Consternación, dolor y rabia contenida, a la par que
un sentimiento de una profunda tristeza, es lo que ha conseguido inspirarme la
foto que ha presidido la portada de la mayoría de los medios de comunicación, en
la que posan los excarcelados de ETA, con los rostros fríos e impávidos, entre
ellos el autor de la muerte de Yoyes, delante de su hijo de corta edad, cuando
intentó abandonar la violencia. Se muestran tensos, casi desafiantes, sin expresar
en su acostumbrado, fundamentalista y delirante discurso el menor rastro de
arrepentimiento, sin la menor intención de pedir el necesario perdón a los
familiares de sus víctimas, a las que me uno en su pena y en su inmenso dolor, que
estas demostraciones consiguen exacerbar en extremo, al contemplar las caras de
los causante de la desaparición de sus seres queridos a manos de unos fanáticos
que sembraron el horror y la muerte durante casi cincuenta años, por lograr
unos objetivos que no han conseguido, utilizando para ello una violencia
despiadada y cruel.
Cuanto odio, desprecio y rencor puede albergar el ser
humano para mostrarse así, ante un País que asolaron con un despiadado
terrorismo, con la injustificable excusa de la consecución de unos objetivos
políticos que no han logrado y que dejó novecientos muertes en su brutal camino,
con miles de familiares teniendo que soportar la helada y dura mirada de los
culpables de su tragedia, sin mostrar el menor arrepentimiento, sin una frase
de disculpa, sin acercarse lo más mínimo a un gesto que pueda interpretarse
como un intento de pedir perdón, como un reconocimiento culpable del mal causado
que pudiera suavizar en parte el dolor de las víctimas que siguen preguntándose
el por qué de tamaña tragedia.
Indiscriminados y brutales atentados, acabaron con la
vida de todo tipo de ciudadanos inocentes, incluyendo niños, que como el resto,
eran simples objetivos militares, medios para conseguir sus fines, según sus
comunicados, en los que responsabilizaban al Estado de dichas ejecuciones,
según el argot utilizado por quienes sembraron un terror, que ahora ya no
consideran necesario, pues según afirman, prefieren continuar la lucha por
otros métodos que sin recurrir a una violencia que por razones obvias, ya no
les resulta rentable, en un alarde de falsa hipocresía que les incapacita
totalmente como autores de un esperado y sincero perdón, que da la impresión de
que jamás cabrá esperar que salga de ellos.
Y sin embargo, se hace absolutamente necesario.
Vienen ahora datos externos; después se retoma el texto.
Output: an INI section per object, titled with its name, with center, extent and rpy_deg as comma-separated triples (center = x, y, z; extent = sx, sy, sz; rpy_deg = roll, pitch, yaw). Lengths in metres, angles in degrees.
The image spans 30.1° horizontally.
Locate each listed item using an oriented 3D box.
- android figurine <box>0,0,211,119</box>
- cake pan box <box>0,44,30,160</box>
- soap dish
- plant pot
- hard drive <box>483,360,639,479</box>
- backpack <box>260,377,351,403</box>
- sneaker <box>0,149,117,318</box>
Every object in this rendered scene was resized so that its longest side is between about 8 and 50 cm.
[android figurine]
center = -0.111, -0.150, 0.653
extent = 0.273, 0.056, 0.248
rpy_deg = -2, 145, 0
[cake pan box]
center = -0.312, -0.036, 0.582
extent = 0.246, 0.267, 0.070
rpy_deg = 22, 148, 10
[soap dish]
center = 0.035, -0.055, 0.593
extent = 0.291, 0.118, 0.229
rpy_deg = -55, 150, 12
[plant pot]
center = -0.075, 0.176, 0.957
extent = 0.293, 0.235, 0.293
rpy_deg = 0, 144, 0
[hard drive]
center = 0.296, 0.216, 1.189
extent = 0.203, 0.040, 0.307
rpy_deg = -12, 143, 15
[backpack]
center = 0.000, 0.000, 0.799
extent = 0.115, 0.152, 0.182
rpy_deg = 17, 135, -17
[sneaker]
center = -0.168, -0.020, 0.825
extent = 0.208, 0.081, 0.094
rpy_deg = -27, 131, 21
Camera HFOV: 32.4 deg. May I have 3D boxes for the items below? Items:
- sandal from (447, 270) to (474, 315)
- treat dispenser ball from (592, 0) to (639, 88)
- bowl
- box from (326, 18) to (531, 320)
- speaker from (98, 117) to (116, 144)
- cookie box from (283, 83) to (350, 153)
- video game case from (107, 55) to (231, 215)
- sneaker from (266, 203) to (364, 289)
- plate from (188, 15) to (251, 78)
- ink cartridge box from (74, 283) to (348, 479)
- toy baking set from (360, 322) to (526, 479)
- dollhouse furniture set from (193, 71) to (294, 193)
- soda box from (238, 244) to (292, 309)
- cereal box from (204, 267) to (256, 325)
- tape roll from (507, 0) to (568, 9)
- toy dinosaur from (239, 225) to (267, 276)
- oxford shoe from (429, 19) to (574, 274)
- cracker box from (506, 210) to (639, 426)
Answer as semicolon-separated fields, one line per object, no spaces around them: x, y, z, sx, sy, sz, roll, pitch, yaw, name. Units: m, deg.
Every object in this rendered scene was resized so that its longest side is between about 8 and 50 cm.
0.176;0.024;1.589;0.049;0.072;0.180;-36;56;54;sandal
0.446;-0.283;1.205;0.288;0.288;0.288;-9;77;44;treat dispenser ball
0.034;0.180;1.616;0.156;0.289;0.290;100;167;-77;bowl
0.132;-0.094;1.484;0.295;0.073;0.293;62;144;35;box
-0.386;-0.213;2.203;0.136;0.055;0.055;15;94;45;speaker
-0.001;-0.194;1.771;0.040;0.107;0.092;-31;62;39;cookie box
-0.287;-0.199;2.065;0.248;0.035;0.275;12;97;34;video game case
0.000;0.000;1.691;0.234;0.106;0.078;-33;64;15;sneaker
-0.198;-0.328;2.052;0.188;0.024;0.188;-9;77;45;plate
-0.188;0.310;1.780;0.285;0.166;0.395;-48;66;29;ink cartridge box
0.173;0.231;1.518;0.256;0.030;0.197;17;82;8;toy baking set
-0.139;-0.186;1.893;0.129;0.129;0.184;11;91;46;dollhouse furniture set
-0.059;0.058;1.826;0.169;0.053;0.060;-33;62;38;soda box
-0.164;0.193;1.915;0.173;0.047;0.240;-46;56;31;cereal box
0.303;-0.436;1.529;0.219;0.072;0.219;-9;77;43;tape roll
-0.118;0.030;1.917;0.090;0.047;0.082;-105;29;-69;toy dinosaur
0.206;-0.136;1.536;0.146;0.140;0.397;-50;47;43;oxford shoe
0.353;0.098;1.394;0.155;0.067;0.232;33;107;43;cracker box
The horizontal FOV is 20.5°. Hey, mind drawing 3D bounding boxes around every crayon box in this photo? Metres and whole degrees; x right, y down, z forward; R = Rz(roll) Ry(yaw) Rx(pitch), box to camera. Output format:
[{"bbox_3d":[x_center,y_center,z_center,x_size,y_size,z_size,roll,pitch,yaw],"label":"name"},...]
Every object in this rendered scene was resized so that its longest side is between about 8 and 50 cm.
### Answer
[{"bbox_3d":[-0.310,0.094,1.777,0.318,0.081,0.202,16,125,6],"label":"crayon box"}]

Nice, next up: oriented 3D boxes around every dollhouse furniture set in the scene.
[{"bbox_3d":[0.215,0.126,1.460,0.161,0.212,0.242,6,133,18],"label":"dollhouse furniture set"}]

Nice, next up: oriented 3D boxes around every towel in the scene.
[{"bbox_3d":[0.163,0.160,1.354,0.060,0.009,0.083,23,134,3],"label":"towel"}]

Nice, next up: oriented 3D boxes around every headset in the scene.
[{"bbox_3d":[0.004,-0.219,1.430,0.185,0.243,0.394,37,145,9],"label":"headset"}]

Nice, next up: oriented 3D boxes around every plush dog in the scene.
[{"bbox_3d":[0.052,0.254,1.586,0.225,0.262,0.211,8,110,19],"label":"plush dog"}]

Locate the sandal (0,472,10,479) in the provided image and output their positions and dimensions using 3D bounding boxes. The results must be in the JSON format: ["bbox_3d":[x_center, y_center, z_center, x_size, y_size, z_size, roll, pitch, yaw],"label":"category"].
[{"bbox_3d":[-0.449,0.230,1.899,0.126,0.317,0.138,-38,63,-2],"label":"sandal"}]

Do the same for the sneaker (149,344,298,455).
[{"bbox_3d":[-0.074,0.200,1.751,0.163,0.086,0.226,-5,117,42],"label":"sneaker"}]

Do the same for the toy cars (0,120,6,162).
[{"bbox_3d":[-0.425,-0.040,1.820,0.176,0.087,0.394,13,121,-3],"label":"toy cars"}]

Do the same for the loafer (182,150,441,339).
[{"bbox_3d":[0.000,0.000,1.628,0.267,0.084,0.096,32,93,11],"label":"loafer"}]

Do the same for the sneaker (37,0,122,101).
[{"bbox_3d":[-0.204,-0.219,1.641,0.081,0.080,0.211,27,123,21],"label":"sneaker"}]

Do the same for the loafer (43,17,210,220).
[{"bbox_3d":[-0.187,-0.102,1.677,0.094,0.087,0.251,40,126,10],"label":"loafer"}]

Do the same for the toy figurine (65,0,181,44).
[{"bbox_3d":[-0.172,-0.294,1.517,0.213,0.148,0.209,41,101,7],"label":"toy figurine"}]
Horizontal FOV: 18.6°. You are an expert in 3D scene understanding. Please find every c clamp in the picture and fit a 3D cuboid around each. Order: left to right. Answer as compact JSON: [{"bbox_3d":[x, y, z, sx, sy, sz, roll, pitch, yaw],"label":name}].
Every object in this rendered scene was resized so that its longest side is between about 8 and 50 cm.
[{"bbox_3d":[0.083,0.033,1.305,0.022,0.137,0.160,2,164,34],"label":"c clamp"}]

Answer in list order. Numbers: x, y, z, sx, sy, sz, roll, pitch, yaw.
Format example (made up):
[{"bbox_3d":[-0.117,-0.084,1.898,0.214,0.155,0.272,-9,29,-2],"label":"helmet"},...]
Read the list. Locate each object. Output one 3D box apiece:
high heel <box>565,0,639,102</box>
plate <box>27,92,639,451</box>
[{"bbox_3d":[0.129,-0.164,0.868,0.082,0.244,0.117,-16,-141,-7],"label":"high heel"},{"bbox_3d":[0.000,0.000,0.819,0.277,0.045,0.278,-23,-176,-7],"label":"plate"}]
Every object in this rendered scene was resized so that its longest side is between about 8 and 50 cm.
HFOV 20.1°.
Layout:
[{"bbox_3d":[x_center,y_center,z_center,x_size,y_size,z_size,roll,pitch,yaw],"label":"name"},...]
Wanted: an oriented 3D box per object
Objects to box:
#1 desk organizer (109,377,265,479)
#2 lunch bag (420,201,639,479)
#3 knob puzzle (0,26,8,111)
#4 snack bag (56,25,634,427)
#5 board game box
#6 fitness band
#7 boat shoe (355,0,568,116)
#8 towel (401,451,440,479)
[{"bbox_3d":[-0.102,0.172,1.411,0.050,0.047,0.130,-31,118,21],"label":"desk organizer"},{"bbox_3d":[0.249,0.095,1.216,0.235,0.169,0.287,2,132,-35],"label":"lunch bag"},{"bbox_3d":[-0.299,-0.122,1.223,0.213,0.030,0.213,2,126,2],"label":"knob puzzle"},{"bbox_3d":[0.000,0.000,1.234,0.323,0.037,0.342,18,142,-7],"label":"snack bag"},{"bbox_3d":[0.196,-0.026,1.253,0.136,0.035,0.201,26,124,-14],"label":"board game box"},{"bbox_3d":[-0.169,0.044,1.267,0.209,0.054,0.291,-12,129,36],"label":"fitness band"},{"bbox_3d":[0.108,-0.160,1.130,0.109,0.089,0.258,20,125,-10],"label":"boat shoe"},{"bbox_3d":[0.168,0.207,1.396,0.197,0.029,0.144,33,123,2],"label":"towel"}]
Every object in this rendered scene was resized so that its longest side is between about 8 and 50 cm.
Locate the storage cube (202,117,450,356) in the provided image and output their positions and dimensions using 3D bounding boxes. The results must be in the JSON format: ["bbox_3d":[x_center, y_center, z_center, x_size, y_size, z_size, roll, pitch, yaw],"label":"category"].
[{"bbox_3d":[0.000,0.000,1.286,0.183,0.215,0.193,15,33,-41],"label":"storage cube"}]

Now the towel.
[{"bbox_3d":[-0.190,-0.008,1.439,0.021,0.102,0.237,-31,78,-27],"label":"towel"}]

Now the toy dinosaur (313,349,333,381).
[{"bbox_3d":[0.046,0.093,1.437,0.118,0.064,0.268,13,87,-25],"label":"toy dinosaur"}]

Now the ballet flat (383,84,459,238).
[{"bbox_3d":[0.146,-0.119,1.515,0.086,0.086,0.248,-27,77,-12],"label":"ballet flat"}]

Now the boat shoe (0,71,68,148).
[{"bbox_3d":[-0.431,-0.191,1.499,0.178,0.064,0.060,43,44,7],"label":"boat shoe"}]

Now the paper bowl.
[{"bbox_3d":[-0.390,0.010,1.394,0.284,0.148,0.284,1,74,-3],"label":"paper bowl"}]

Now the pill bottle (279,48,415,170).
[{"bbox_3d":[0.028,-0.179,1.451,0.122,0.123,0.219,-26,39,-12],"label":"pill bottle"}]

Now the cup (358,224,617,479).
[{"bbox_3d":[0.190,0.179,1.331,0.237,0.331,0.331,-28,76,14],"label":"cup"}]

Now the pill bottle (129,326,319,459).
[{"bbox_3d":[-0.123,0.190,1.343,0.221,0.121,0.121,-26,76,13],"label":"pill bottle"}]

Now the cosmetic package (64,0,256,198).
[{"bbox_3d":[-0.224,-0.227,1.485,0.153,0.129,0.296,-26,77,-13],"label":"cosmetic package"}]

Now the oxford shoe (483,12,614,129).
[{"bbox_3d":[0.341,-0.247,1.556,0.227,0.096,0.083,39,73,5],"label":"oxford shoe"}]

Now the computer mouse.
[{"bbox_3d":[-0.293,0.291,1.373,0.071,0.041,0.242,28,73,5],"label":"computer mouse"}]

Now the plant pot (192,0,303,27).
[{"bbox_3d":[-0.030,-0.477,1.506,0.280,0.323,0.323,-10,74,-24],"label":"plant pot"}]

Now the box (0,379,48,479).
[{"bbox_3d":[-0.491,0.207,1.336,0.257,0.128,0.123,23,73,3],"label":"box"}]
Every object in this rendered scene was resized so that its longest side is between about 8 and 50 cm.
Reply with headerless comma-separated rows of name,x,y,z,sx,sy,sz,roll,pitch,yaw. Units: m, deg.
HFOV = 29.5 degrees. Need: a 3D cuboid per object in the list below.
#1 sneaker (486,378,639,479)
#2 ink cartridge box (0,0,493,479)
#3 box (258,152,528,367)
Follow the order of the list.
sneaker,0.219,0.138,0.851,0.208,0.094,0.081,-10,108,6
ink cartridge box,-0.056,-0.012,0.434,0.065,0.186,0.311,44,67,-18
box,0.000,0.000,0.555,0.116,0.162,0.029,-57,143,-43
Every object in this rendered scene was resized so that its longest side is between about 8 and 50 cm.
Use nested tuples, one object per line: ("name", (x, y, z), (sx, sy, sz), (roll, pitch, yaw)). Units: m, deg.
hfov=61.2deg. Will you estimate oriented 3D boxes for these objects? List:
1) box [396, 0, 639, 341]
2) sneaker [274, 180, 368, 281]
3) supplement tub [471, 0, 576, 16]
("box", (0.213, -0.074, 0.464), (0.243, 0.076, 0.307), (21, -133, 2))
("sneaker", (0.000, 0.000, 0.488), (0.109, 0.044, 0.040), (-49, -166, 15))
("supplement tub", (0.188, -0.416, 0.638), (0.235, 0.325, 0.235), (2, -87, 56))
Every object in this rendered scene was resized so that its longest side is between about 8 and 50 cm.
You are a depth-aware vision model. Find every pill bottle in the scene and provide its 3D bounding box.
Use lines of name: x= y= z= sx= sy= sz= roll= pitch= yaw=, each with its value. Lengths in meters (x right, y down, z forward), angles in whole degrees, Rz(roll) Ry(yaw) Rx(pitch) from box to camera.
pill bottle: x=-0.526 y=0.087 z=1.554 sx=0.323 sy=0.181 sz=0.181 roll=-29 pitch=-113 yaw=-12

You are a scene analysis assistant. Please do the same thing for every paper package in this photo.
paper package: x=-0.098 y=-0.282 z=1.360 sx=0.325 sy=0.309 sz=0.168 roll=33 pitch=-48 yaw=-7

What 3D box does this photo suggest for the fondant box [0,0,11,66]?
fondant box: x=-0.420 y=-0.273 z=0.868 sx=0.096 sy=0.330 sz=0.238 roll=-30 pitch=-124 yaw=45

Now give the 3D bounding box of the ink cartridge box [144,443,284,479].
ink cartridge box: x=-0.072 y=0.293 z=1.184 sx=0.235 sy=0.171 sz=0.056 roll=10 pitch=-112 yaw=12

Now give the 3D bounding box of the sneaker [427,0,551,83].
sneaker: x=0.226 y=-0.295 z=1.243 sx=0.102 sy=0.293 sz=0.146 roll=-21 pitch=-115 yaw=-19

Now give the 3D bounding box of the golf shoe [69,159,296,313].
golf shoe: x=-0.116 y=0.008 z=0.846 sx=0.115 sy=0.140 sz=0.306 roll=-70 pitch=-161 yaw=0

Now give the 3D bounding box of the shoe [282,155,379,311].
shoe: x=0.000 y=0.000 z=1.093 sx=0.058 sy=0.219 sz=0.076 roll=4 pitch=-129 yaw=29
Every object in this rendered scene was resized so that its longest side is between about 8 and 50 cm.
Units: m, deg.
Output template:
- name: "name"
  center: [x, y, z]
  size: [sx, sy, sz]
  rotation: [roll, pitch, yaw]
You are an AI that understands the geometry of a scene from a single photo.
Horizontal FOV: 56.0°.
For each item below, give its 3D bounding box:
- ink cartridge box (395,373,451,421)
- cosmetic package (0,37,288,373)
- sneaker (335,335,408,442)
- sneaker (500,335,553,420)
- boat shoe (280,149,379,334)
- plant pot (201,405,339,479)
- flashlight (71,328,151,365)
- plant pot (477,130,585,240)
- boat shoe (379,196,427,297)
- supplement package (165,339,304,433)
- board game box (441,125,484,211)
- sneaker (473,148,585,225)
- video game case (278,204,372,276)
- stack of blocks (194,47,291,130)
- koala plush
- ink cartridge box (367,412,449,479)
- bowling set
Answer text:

Sin él
las heridas difícilmente cerrarán y será difícil dar por terminado uno de los
más negros y terribles capítulos de la historia reciente de este País. Ese
perdón supondría un cierto alivio para los familiares, que verían en ese gesto,
un signo de culpabilidad y arrepentimiento que lograría suavizar el sentimiento
de odio y rencor a la par que sosegar en parte el sufrimiento, a sabiendas que
los autores del mismo abominan y abjuran del mal causado.
Apenas han reconocido el mal causado – multilateral,
afirman en su declaración - de una manera fría y calculada, sin llegar ni un
ápice más allá, sin reconocer su culpa y el tremendo dolor ocasionado. ¿Tan difícil
para ellos es reconocer su culpa sin ambigüedad alguna? ¿Tan duro para ellos
que causaron los trágicos hechos es pedir perdón? ¿Por qué en lugar de
exhibirse como lo han hecho en una pública foto, sin mostrar arrepentimiento
alguno, no han decidido privatizar dicho acto para no ahondar más en la herida?
¿Cómo pueden mostrase así, desafiantes, ante las familias agraviadas y
afligidas por una pena insoportable?
Las familias merecen y necesitan ese gesto de
arrepentimiento. La sociedad en general, también.